Because supplemental disclosures contained in proxy statements prepared in the context of corporate mergers do not affect shareholders one way or the other, they should not provide plaintiffs lawyers with the means to get paid in shareholder litigation, three law professors argue in a paper summarized on the Harvard Law forum for corporate governance and financial regulation that is also available for download on SSRN.

Doing away with such supplemental disclosures might have the added bonus of dampening shareholder litigation altogether, the law professors suggest.

According to Steven Davidoff, professor at the Ohio State University College of Law, Jill Fisch of the University of Pennsylvania, and Sean Griffith of Fordham University, nearly every merger these days leads litigation, and these disputes are often settled by agreeing to include supplemental disclosures in the proxy statement.

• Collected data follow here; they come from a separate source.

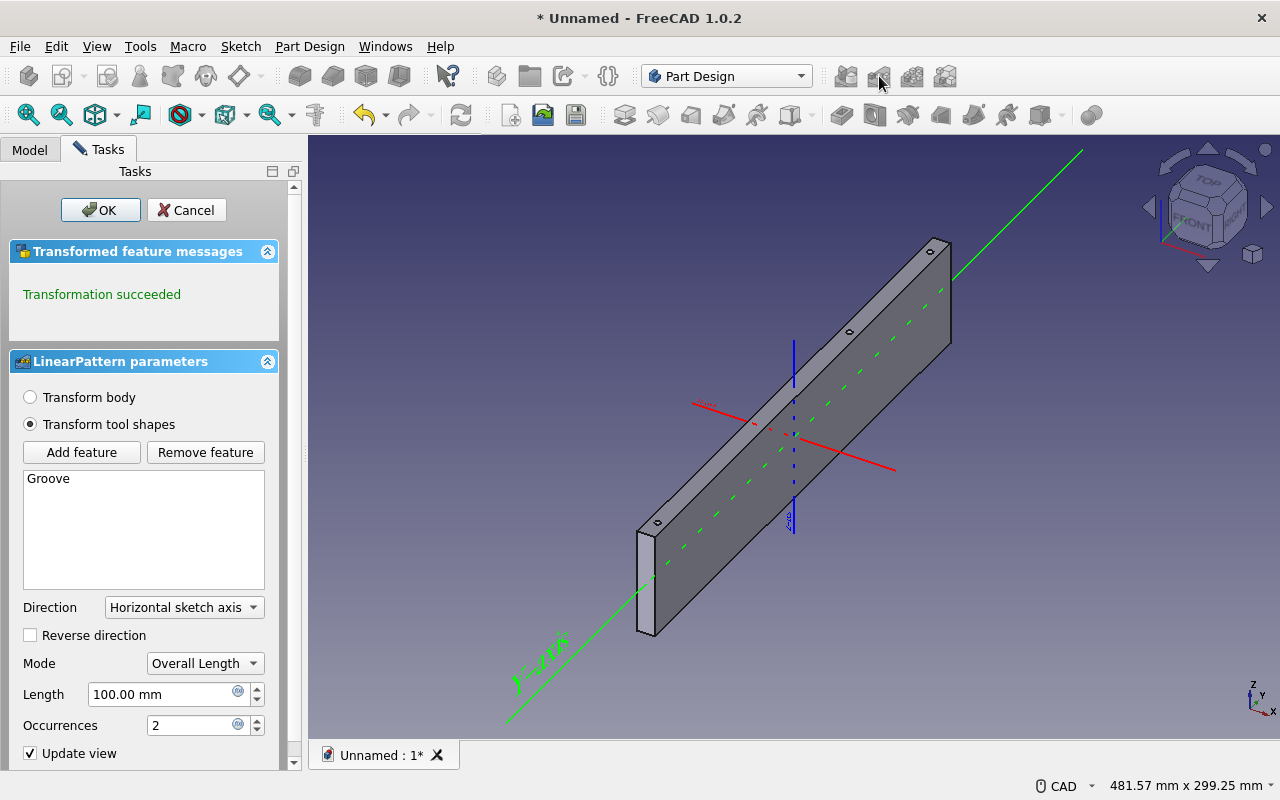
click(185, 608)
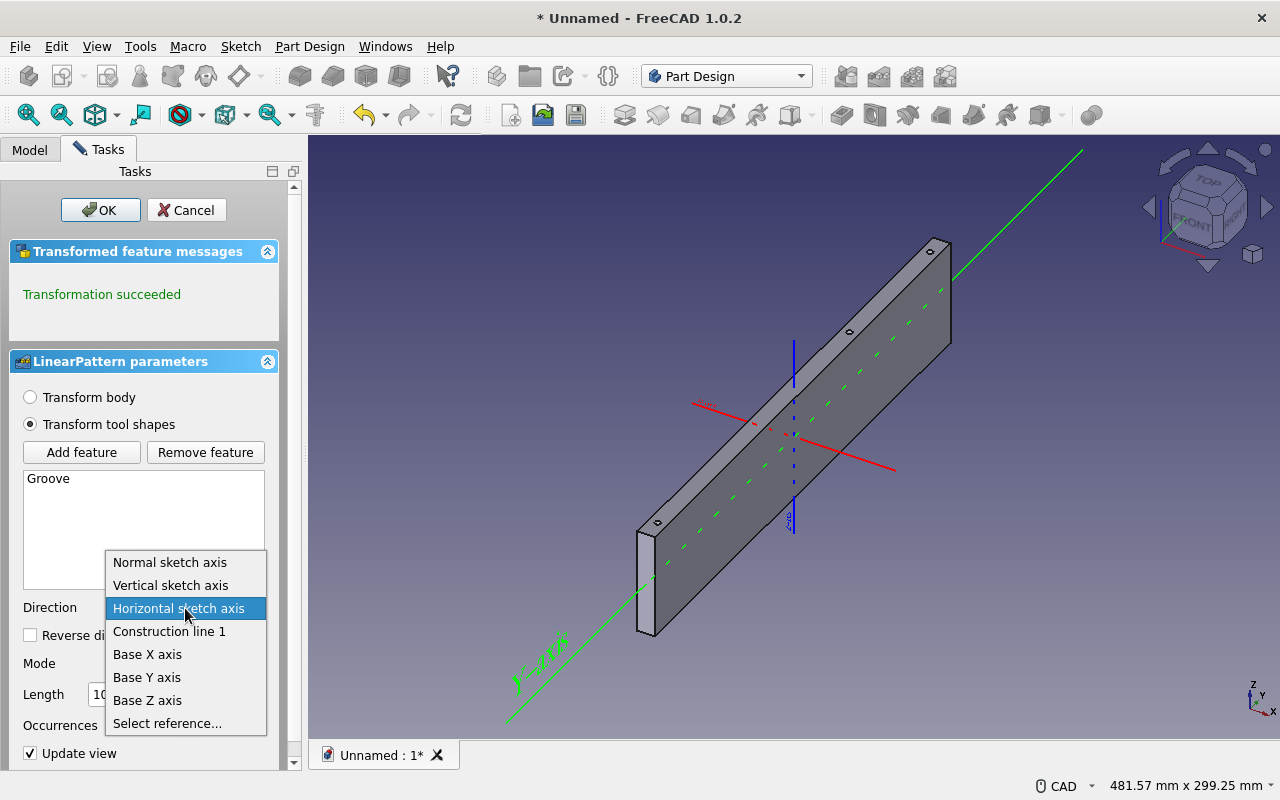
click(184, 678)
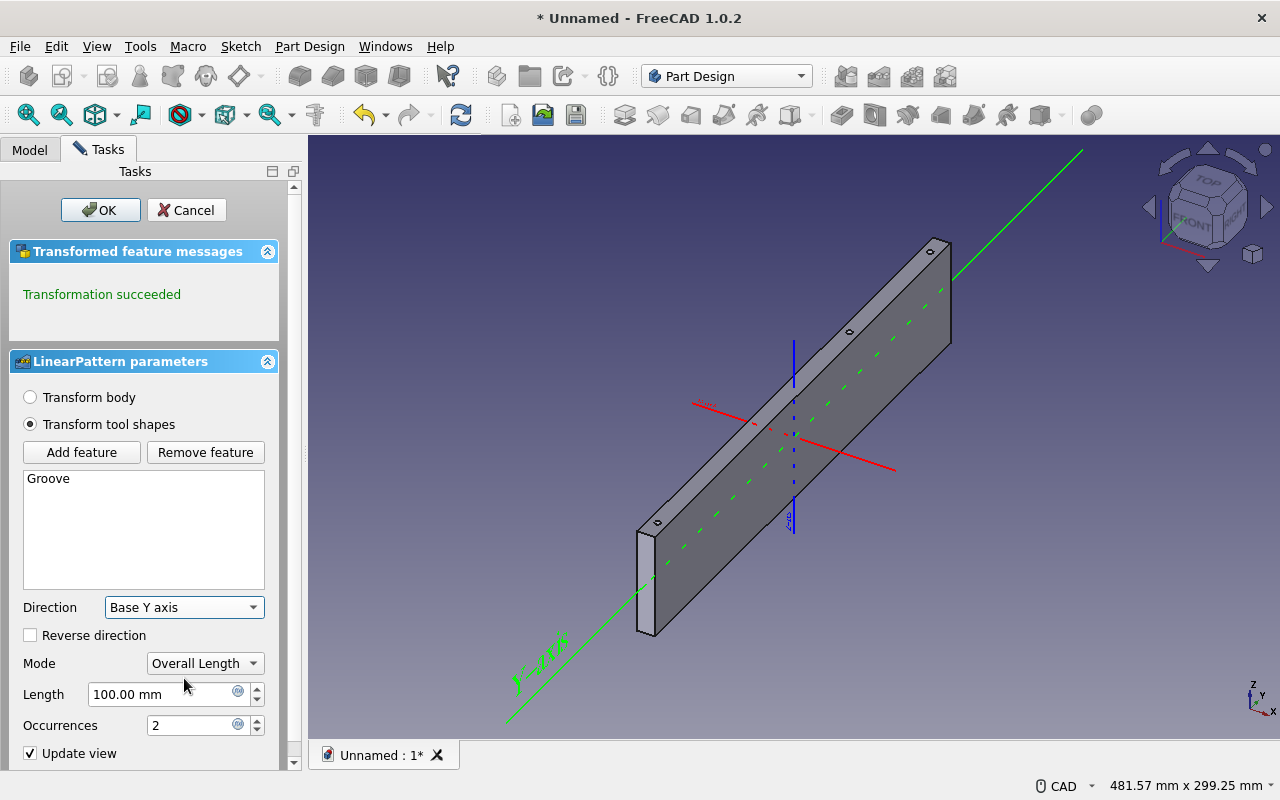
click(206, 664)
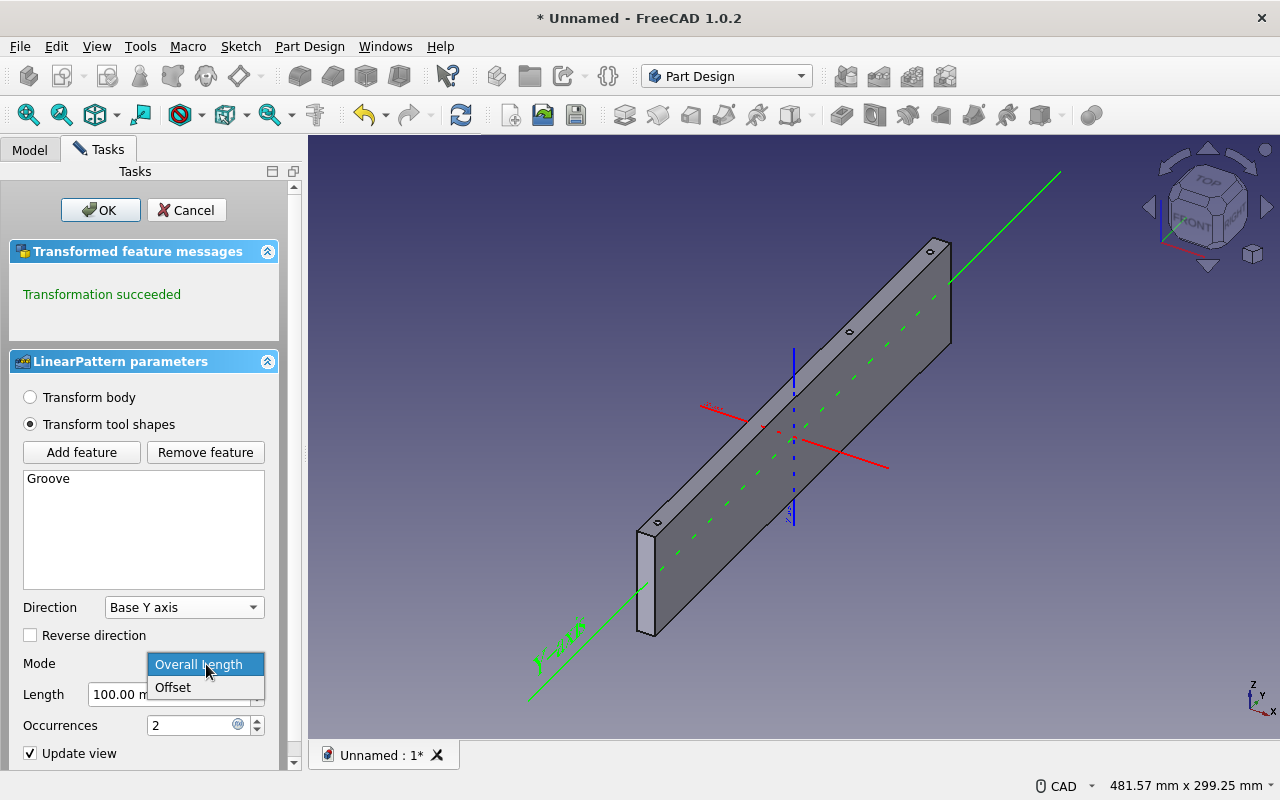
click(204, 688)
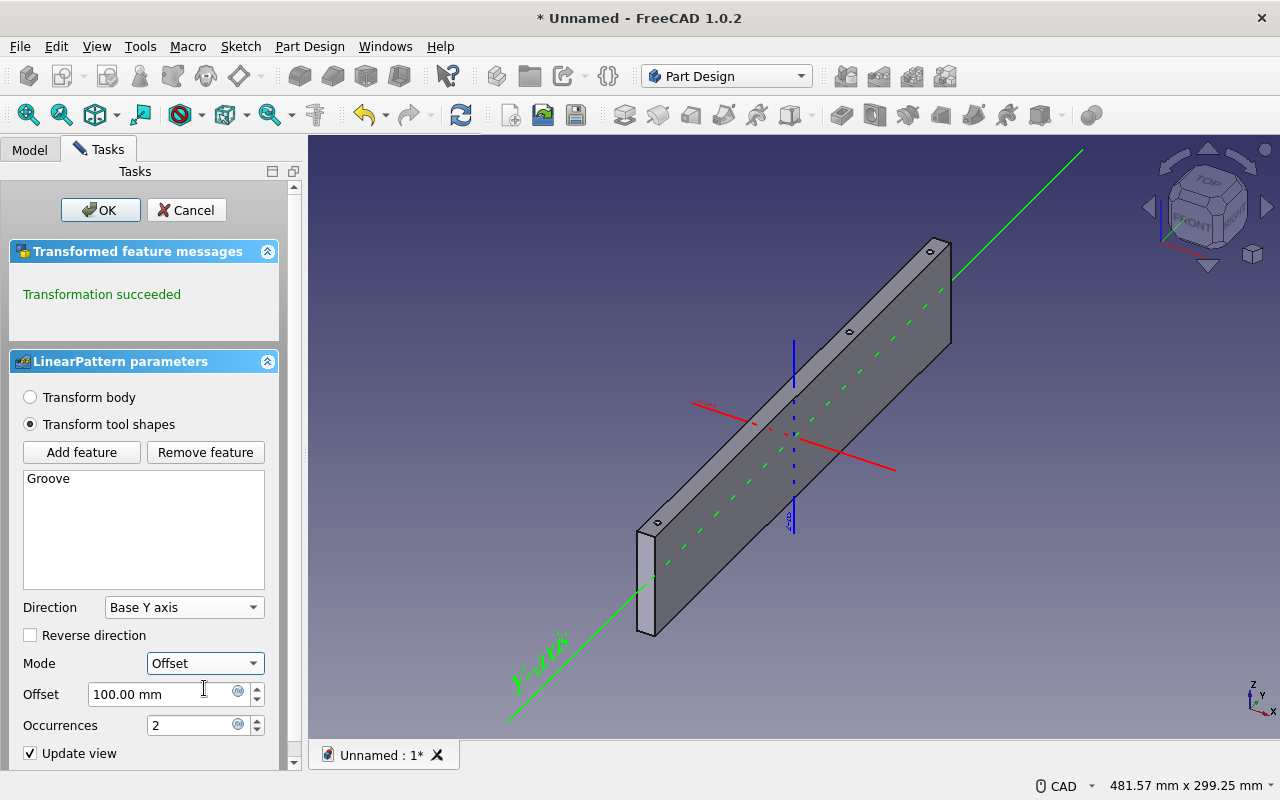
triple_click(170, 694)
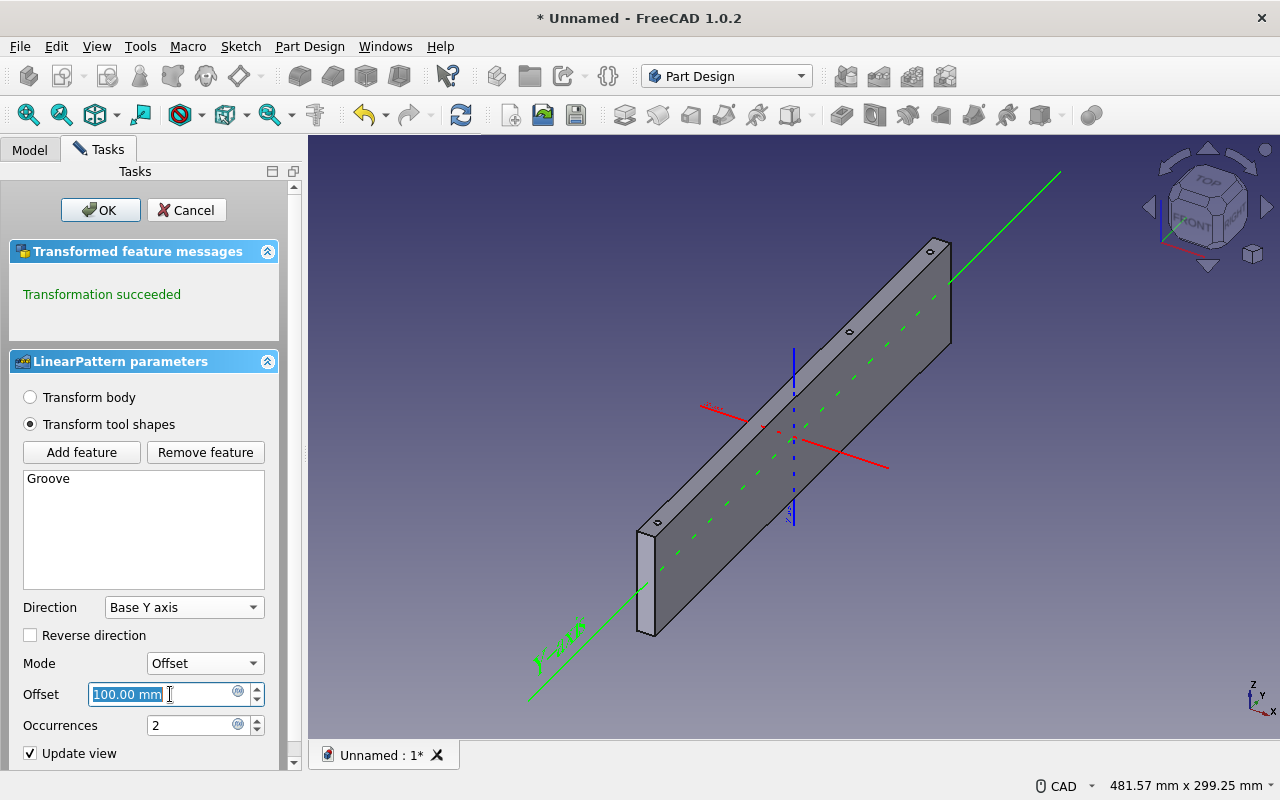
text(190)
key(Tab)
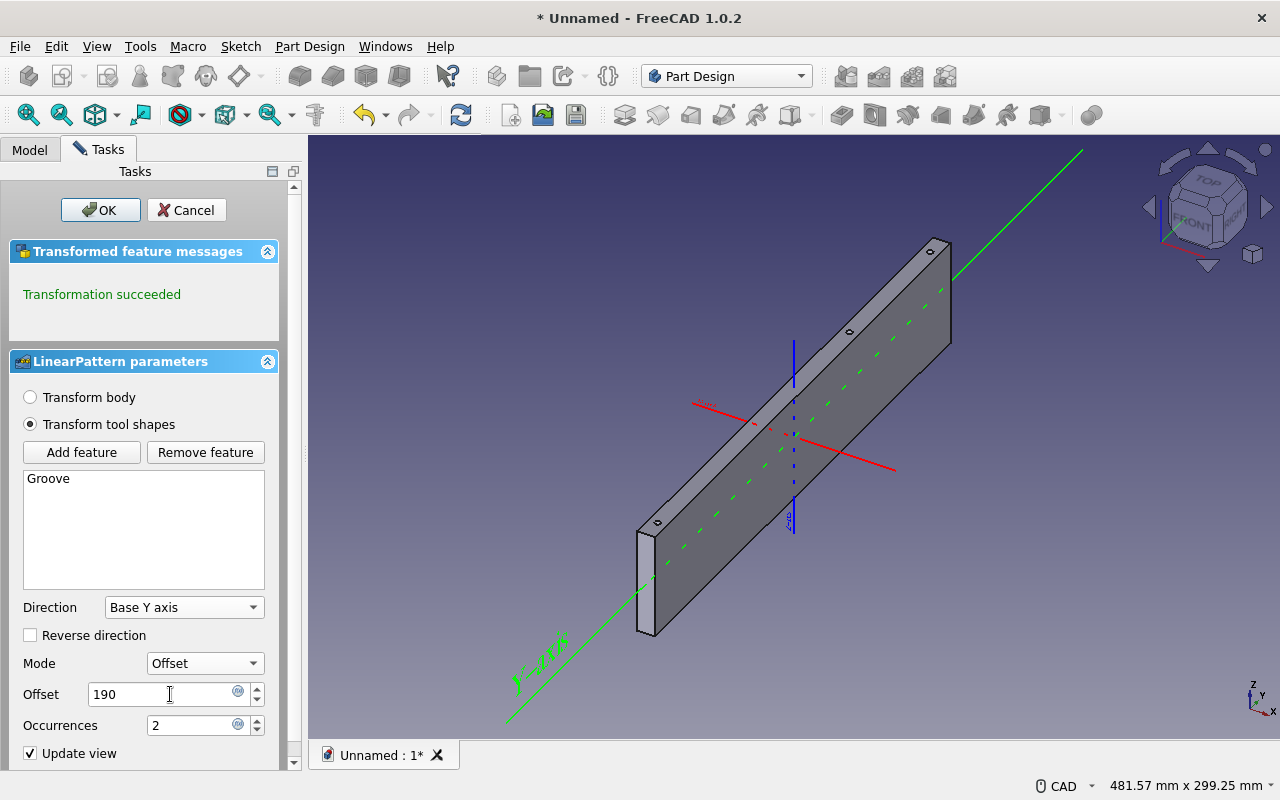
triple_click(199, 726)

As the professors write, “In a negotiated settlement, plaintiffs will characterize supplemental disclosures in the merger proxy as producing a corporate benefit, and defendants will typically not oppose the characterization, as they are happy to pay off the plaintiffs’ lawyers and get on with the deal.”

“The supposed benefits of these settlements,” they continue, “thus are rarely tested in adversarial proceedings. Knowing this creates a strong incentive for plaintiffs’ attorneys to file claims, put in limited effort, and negotiate a settlement consisting exclusively of corrective disclosures. But is there any real value to these settlements? Our answer to this question, based on a new empirical study, is no.”

In their study, the professors looked at a sample of 453 large public company mergers negotiated over a period from 2005 through 2012 and found that supplemental disclosures did not, as some might suppose, cause shareholders to feel less positive about the merger, and therefore vote against it. The disclosure had no effect, the professors write.

“We therefore conclude that courts should reject disclosure-only settlements as a basis for attorney fee awards. We argue that the simplest mechanism for achieving this result would be for courts to stop recognizing supplemental disclosures as a basis for “corporate benefit.” This change would strike directly at the engine that empowers excess litigation activity.”